**What you are asked to do**
Give back every entry, copied exactly.
=== Begin Enclosure ===
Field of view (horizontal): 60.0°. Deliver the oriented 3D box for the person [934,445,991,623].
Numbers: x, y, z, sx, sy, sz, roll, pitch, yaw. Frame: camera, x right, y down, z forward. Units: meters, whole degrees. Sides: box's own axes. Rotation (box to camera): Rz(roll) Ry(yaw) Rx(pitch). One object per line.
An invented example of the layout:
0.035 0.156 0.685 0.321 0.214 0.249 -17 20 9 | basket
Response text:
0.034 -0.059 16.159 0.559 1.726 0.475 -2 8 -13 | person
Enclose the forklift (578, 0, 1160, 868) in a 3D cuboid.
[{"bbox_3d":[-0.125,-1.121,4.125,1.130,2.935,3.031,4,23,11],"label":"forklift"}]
=== End Enclosure ===
**Written reply**
Field of view (horizontal): 60.0°. Deliver the oriented 3D box for the person [934,445,991,623].
Numbers: x, y, z, sx, sy, sz, roll, pitch, yaw. Frame: camera, x right, y down, z forward. Units: meters, whole degrees. Sides: box's own axes. Rotation (box to camera): Rz(roll) Ry(yaw) Rx(pitch). One object per line.
An invented example of the layout:
0.035 0.156 0.685 0.321 0.214 0.249 -17 20 9 | basket
Response text:
0.034 -0.059 16.159 0.559 1.726 0.475 -2 8 -13 | person
Enclose the forklift (578, 0, 1160, 868) in a 3D cuboid.
[{"bbox_3d":[-0.125,-1.121,4.125,1.130,2.935,3.031,4,23,11],"label":"forklift"}]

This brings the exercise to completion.